C. To ensure all data observations will be on a comparable scale and contribute equal shares to the calculation of the distance between points.
D. None of the above.
Assign your answer to an object called answer0.1
. Make sure the correct answer is an uppercase letter. Surround your answer with quotation marks (e.g. "F"
).
Note: we typically standardize (i.e., scale and center) the data before doing classification. For the K-nearest neighbour algorithm specifically, centering has no effect. But it doesn't hurt, and can help with other predictive data analyses, so we will do it below.
1. Fruit Data Example
In the agricultural industry, cleaning, sorting, grading, and packaging food products are all necessary tasks in the post-harvest process. Products are classified based on appearance, size and shape, attributes which helps determine the quality of the food. Sorting can be done by humans, but it is tedious and time consuming. Automatic sorting could help save time and money. Images of the food products are captured and analysed to determine visual characteristics.

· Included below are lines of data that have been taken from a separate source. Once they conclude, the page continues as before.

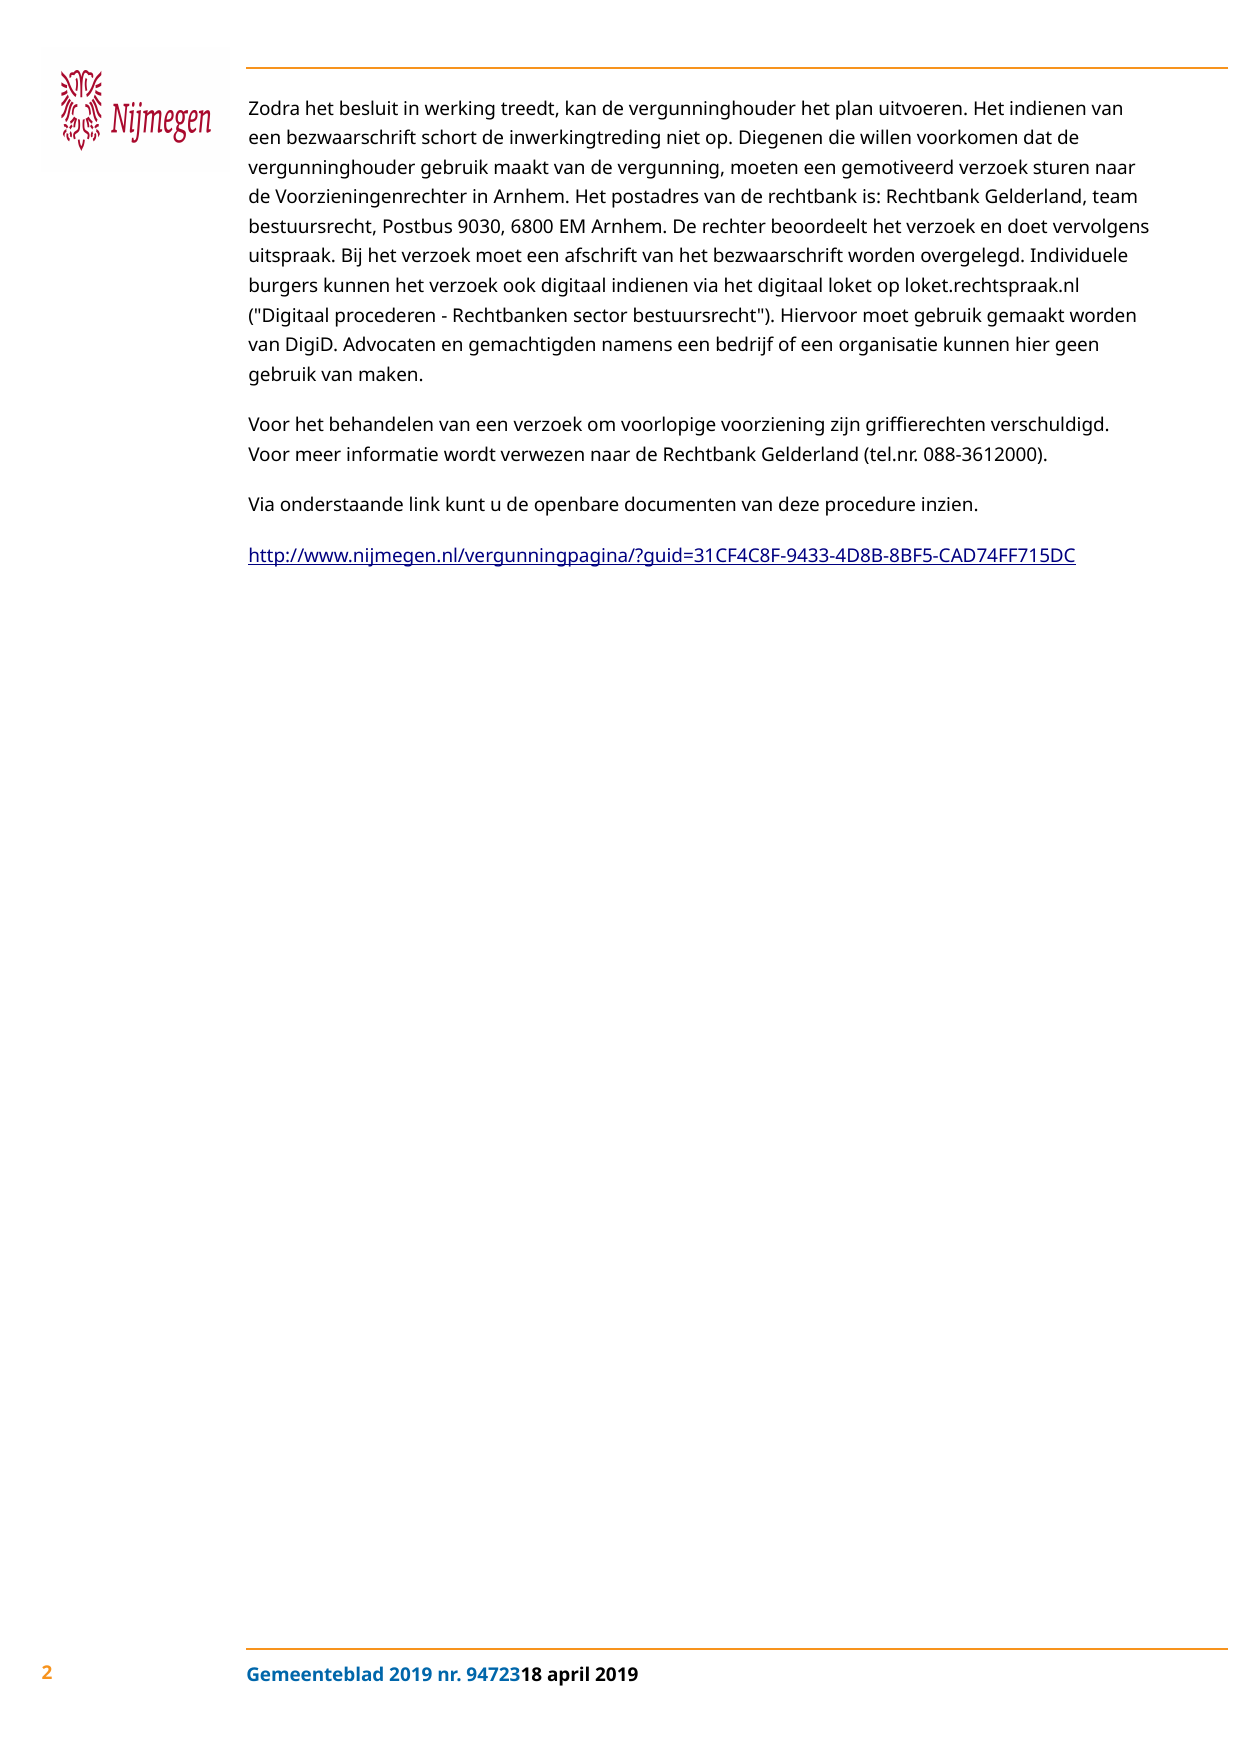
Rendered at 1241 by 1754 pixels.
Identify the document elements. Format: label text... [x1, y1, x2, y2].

picture [41, 47, 231, 172]
text Zodra het besluit in werking treedt, kan de vergunninghouder het plan uitvoeren. Het indienen van een bezwaarschrift schort de inwerkingtreding niet op. Diegenen die willen voorkomen dat de vergunninghouder gebruik maakt van de vergunning, moeten een gemotiveerd verzoek sturen naar de Voorzieningenrechter in Arnhem. Het postadres van de rechtbank is: Rechtbank Gelderland, team bestuursrecht, Postbus 9030, 6800 EM Arnhem. De rechter beoordeelt het verzoek en doet vervolgens uitspraak. Bij het verzoek moet een afschrift van het bezwaarschrift worden overgelegd. Individuele burgers kunnen het verzoek ook digitaal indienen via het digitaal loket op loket.rechtspraak.nl ("Digitaal procederen - Rechtbanken sector bestuursrecht"). Hiervoor moet gebruik gemaakt worden van DigiD. Advocaten en gemachtigden namens een bedrijf of een organisatie kunnen hier geen gebruik van maken. [248, 95, 1152, 387]
text Via onderstaande link kunt u de openbare documenten van deze procedure inzien. [248, 491, 1152, 517]
text http://www.nijmegen.nl/vergunningpagina/?guid=31CF4C8F-9433-4D8B-8BF5-CAD74FF715DC [248, 542, 1152, 568]
text Voor het behandelen van een verzoek om voorlopige voorziening zijn griffierechten verschuldigd. Voor meer informatie wordt verwezen naar de Rechtbank Gelderland (tel.nr. 088-3612000). [248, 411, 1152, 467]

The dataset contains observations of fruit described with four features 1) mass 2) width 3) height and 4) color score.
Question 1.0
{points: 1}
Load the file, fruit_data.csv
, into your notebook.
mutate()
the fruit_name
column such that it is a factor using the as_factor()
function.
Assign your data to an object called fruit_data
.
Let's take a look at the first six observations in the fruit dataset. Run the cell below.
Question 1.0.1
{points: 1}
Which of the columns are categorical?
A. Fruit label, width, fruit subtype
B. Fruit name, color score, height
C. Fruit label, fruit subtype, fruit name
D. Color score, mass, width
Assign your answer to an object called answer1.0.1
. Make sure the correct answer is an uppercase letter. Remember to surround your answer with quotation marks (e.g. "E"
).
Run the cell below, and find the nearest neighbour based on mass and width to the first observation just by looking at the scatterplot (the first observation has been circled for you).

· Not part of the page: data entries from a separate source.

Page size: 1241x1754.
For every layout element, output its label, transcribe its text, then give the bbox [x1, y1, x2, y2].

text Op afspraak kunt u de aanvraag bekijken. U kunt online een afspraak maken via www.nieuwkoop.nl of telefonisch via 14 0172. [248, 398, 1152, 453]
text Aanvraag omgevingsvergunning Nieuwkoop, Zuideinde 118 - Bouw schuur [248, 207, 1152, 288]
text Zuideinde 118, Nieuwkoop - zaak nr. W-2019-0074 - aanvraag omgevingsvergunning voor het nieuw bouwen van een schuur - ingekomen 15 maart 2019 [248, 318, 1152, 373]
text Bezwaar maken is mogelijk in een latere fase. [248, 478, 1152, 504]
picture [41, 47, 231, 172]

Question 1.1 Multiple Choice:
{points: 1}
Based on the graph generated, what is fruit_name
of the closest data point to the one circled?
A. apple
B. lemon
C. mandarin
D. orange
Assign your answer to an object called answer1.1
. Make sure the correct answer is an uppercase letter. Surround your answer with quotation marks (e.g. "F"
).
Question 1.2
{points: 1}
Using mass and width, calculate the distance between the first observation and the second observation.
We provide a scaffolding to get you started.

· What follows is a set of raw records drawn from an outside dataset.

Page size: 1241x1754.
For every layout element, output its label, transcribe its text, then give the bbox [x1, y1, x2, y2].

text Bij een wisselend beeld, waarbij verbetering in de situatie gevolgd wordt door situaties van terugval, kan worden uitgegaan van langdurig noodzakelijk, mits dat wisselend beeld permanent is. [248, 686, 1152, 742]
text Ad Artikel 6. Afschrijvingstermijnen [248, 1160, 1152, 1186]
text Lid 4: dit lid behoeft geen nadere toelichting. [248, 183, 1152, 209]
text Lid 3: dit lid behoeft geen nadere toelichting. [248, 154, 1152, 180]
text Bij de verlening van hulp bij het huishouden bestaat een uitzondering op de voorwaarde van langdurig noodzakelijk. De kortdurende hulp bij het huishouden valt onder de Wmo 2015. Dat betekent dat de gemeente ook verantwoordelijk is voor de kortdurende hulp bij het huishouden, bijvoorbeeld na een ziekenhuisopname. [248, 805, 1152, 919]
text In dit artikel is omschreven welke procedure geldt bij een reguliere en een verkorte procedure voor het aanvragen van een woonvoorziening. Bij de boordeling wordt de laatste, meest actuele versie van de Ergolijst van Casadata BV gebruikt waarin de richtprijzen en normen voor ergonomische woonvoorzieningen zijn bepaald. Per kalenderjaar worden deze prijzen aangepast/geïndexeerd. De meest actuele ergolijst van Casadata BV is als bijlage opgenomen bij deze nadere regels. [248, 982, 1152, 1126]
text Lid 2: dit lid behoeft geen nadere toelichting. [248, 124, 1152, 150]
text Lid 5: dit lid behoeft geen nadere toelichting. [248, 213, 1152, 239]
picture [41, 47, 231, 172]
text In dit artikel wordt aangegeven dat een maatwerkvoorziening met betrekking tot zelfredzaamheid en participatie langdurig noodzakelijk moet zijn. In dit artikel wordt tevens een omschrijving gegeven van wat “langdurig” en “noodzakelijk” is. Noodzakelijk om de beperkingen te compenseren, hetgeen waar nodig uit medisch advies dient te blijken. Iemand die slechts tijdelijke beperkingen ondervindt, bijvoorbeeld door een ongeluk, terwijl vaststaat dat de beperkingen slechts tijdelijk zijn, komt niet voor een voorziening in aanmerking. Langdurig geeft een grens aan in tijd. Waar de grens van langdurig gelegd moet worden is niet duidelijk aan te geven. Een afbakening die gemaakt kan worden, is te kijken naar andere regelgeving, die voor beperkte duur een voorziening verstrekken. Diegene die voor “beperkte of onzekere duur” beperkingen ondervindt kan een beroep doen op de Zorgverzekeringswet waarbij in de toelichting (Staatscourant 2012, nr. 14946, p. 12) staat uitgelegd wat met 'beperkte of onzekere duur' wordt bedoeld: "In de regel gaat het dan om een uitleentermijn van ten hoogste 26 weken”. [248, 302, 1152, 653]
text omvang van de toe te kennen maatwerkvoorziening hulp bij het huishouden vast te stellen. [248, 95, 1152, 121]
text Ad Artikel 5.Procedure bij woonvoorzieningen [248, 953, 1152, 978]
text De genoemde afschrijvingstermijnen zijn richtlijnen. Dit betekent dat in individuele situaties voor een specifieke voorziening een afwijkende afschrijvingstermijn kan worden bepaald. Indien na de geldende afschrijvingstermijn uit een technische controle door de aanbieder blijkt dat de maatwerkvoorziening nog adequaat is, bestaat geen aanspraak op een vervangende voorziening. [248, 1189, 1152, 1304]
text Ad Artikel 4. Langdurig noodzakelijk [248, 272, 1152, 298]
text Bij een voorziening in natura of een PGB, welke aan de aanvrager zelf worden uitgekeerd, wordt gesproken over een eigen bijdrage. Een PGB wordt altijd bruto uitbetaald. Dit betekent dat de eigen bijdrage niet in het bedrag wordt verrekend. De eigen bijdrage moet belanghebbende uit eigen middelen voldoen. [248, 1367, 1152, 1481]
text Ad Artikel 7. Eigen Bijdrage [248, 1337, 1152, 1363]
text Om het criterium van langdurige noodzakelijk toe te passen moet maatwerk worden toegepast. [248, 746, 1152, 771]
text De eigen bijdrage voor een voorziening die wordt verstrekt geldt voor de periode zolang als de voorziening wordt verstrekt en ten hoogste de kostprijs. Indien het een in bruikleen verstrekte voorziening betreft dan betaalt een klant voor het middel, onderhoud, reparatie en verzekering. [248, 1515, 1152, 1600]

Assign your answer to an object called fruit_dist_2
.
Question 1.3
{points: 1}
Calculate the distance between the first and the the 44th observation in the fruit dataset using the mass and width variables.
Assign your answer to an object called fruit_dist_44
.
Let's circle these three observations on the plot from earlier.
What do you notice about your answers from Question 1.2 & 1.3 that you just calculated? Is it what you would expect given the scatter plot above? Why or why not? Discuss with your neighbour.
Hint: Look at where the observations are on the scatterplot in the cell above this question, and what might happen if we changed grams into kilograms to measure the mass?
Question 1.4
{points: 1}
The distance between the first and second observation is 12.01 and the distance between the first and 44th observation is 2.33. By the formula, observation 1 and 44 are closer, however, if we look at the scatterplot the distance of the first observation to the second observation appears closer than to the 44th observation.
Which of the following statements is correct?
A. A difference of 12 g in mass between observation 1 and 2 is large compared to a difference of 1.2 cm in width between observation 1 and 44. Consequently, mass will drive the classification results, and width will have less of an effect.
B. If we measured mass in kilograms, then we’d get different nearest neighbours.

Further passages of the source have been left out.